● **About this exercise**: Your copy should hold exactly the lines from the beginning of the listing below through the line with "This screenshot has width=924, height=1308.", without any pictures.

● **Records for the exercise**:
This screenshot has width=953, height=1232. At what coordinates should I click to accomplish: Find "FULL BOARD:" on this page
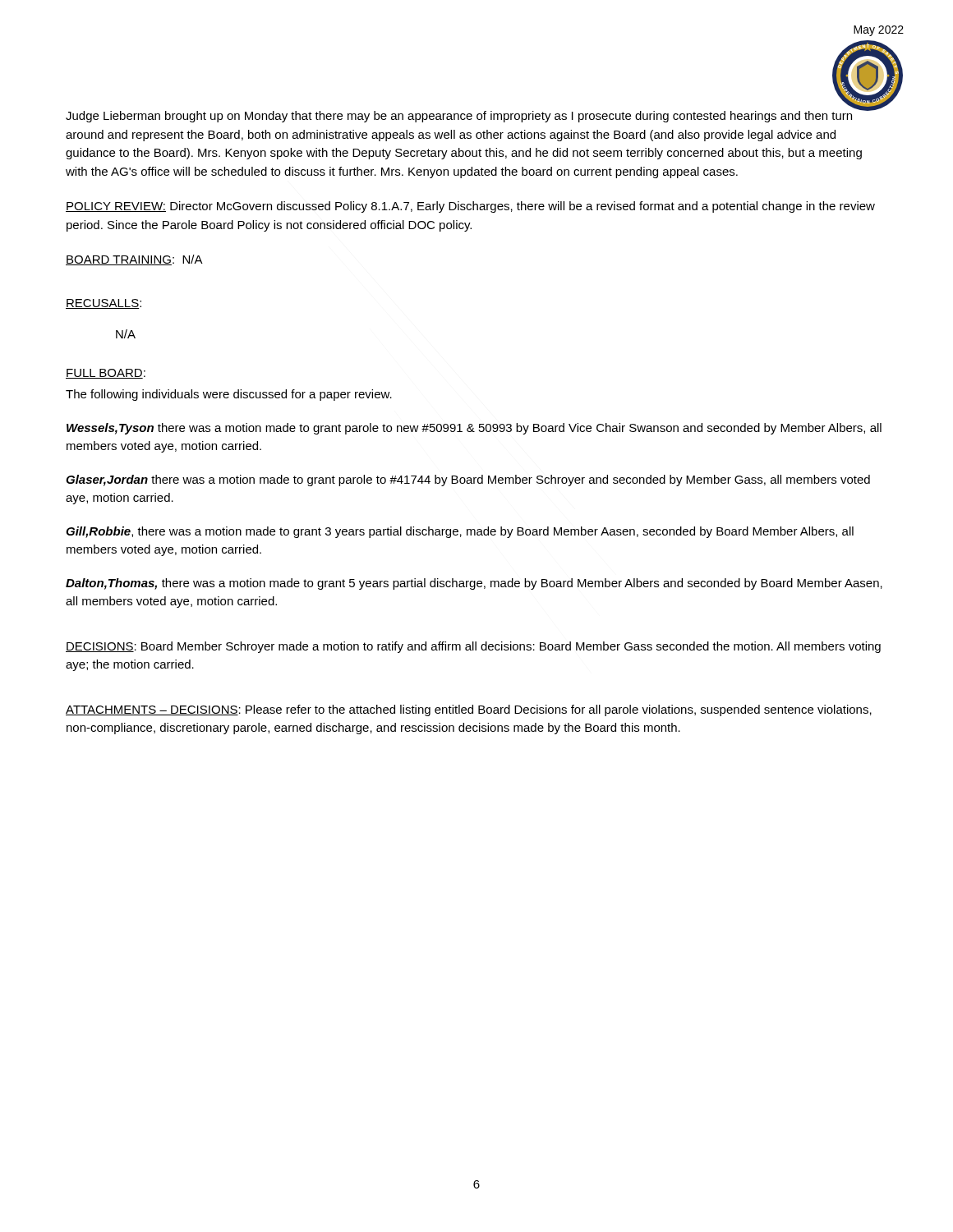(x=106, y=372)
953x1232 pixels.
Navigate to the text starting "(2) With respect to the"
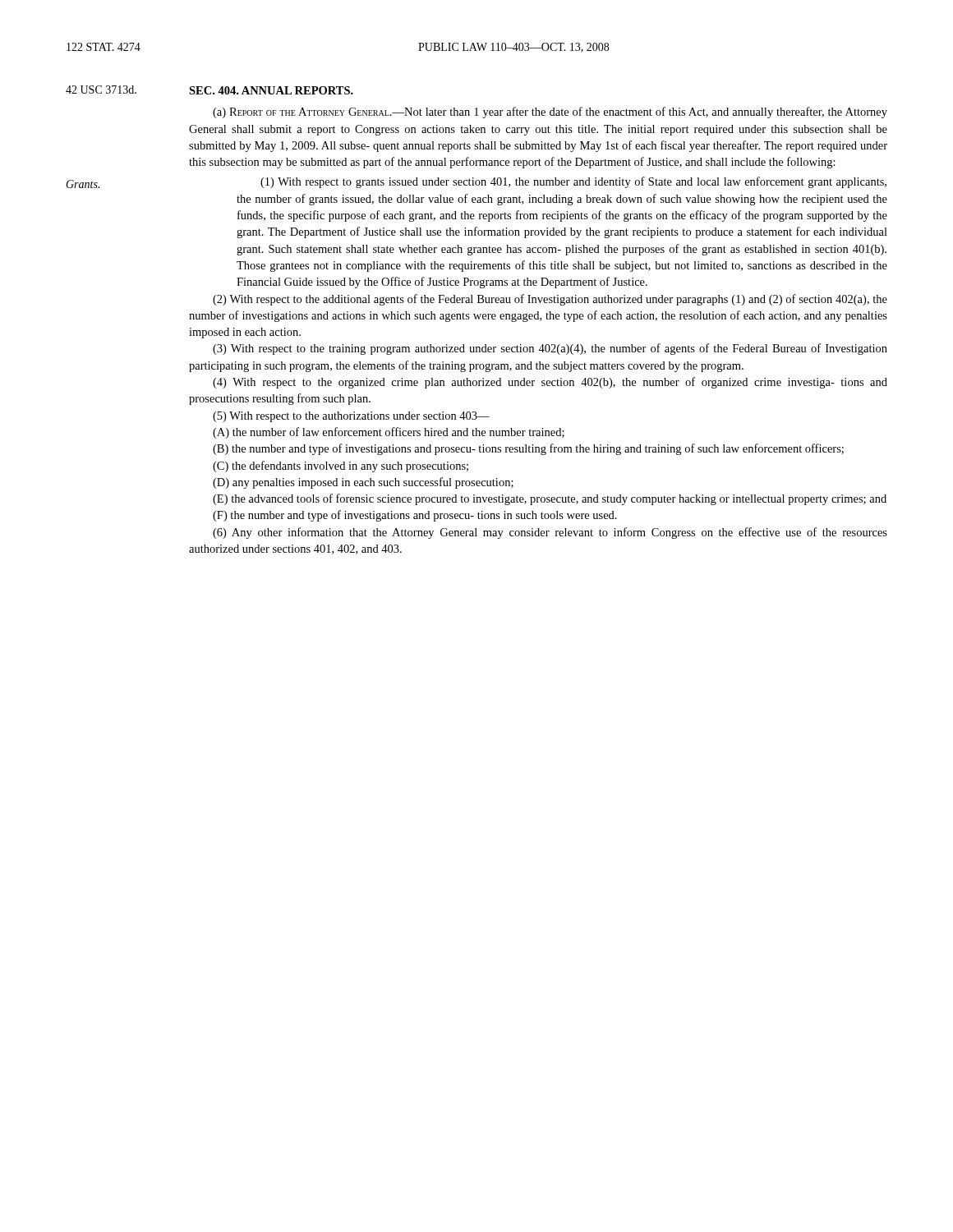point(538,315)
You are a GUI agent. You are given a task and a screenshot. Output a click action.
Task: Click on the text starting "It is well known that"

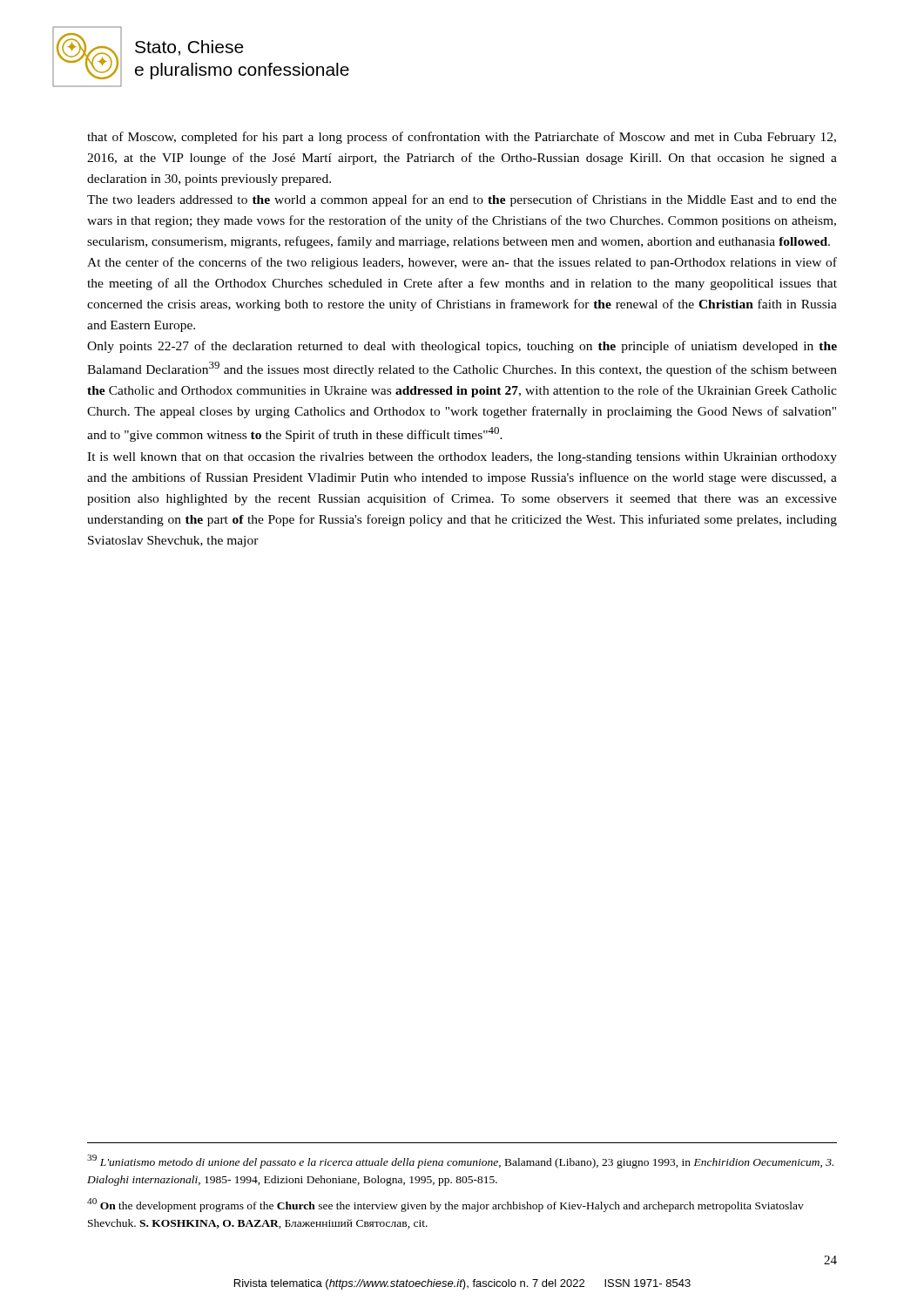coord(462,498)
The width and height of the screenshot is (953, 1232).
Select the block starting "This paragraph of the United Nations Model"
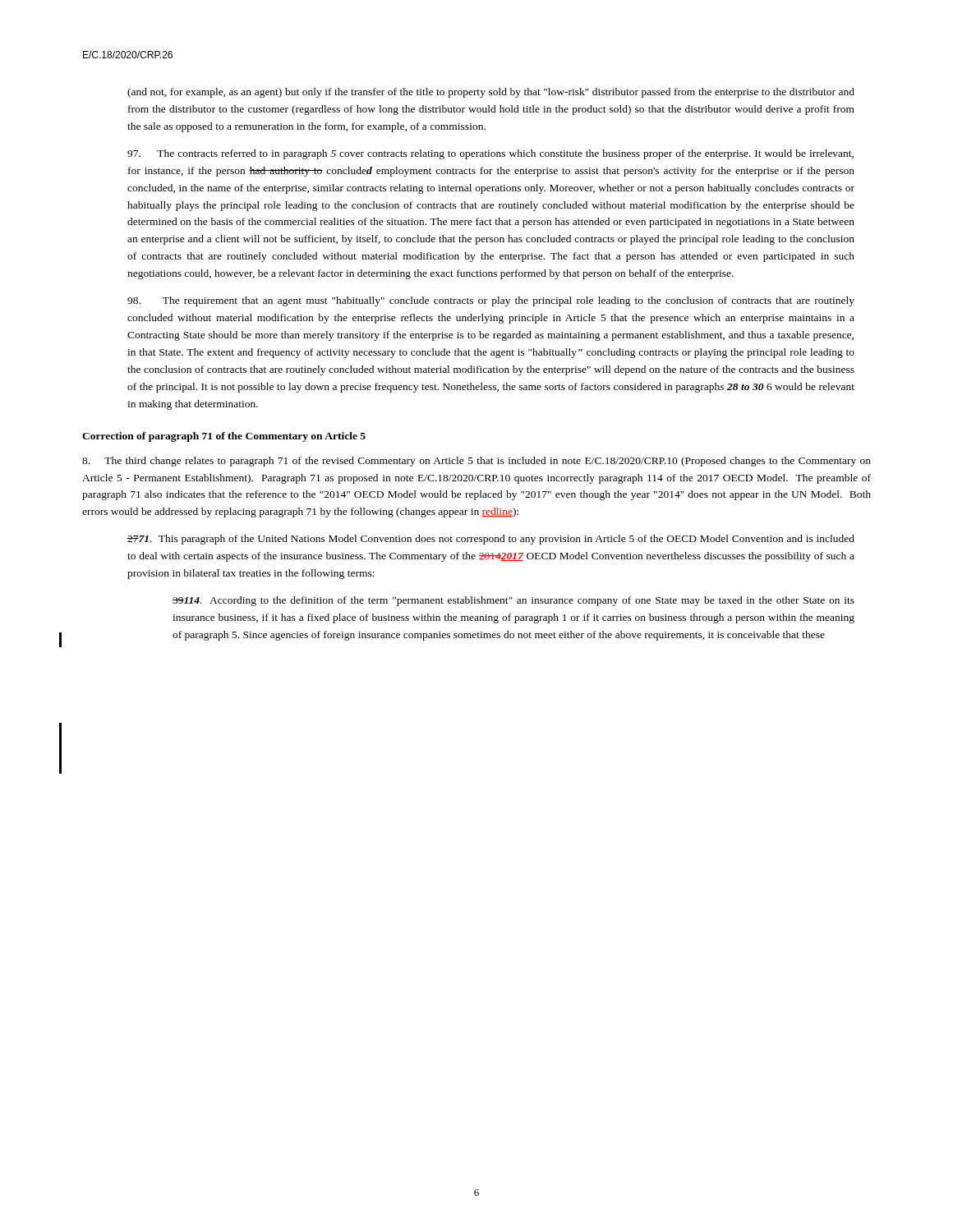coord(491,556)
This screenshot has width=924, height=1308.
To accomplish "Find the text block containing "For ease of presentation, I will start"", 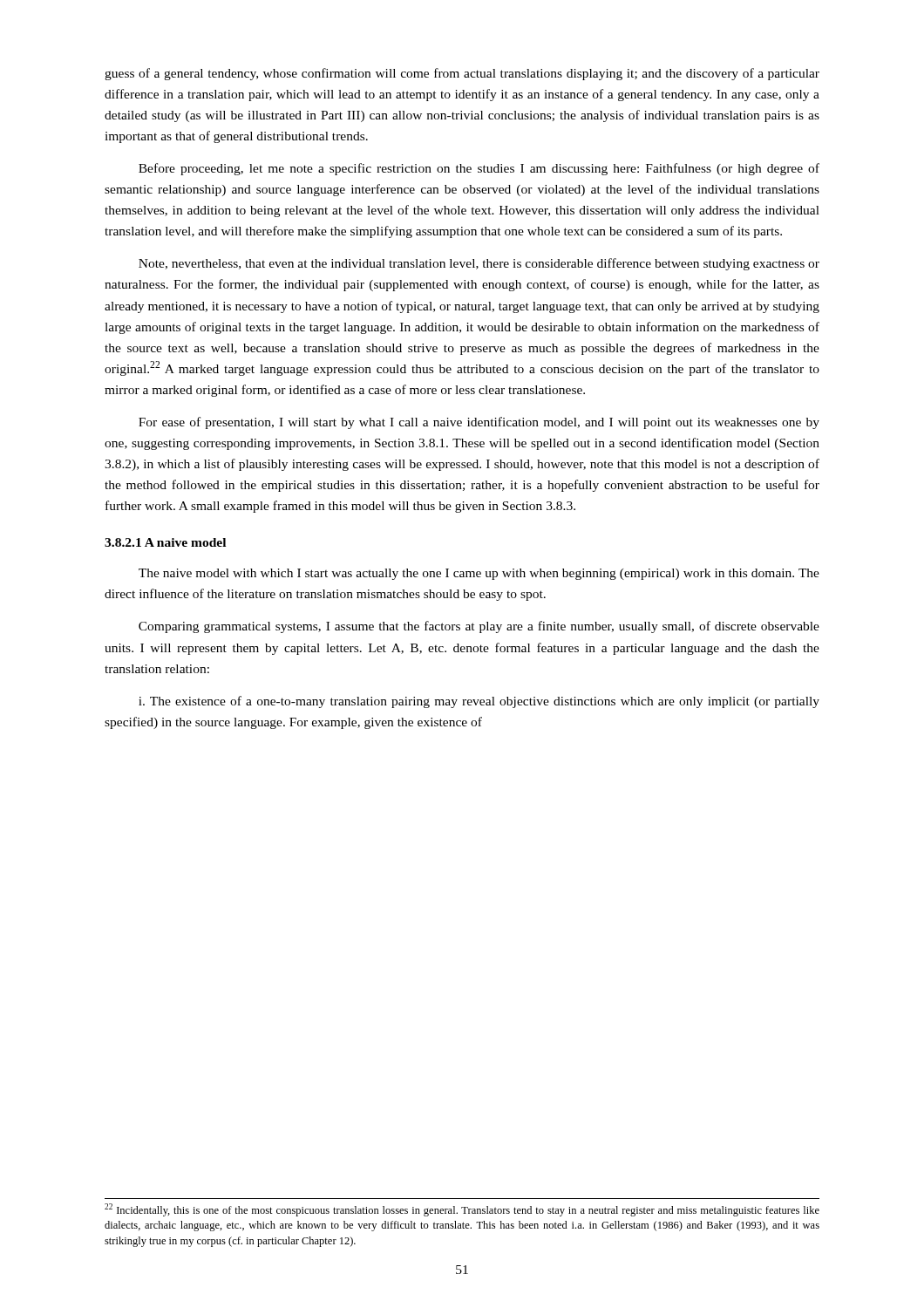I will (462, 463).

● **Exercise response**:
This screenshot has width=953, height=1232. At what coordinates should I click to accomplish: Find "FULL BOARD:" on this page
(x=106, y=372)
953x1232 pixels.
Navigate to the text starting "(2) With respect to the"
point(538,315)
You are a GUI agent. You are given a task and a screenshot. Output a click action.
Task: Click on the text starting "It is well known that"

coord(462,498)
The width and height of the screenshot is (953, 1232).
Select the block starting "This paragraph of the United Nations Model"
coord(491,556)
This screenshot has width=924, height=1308.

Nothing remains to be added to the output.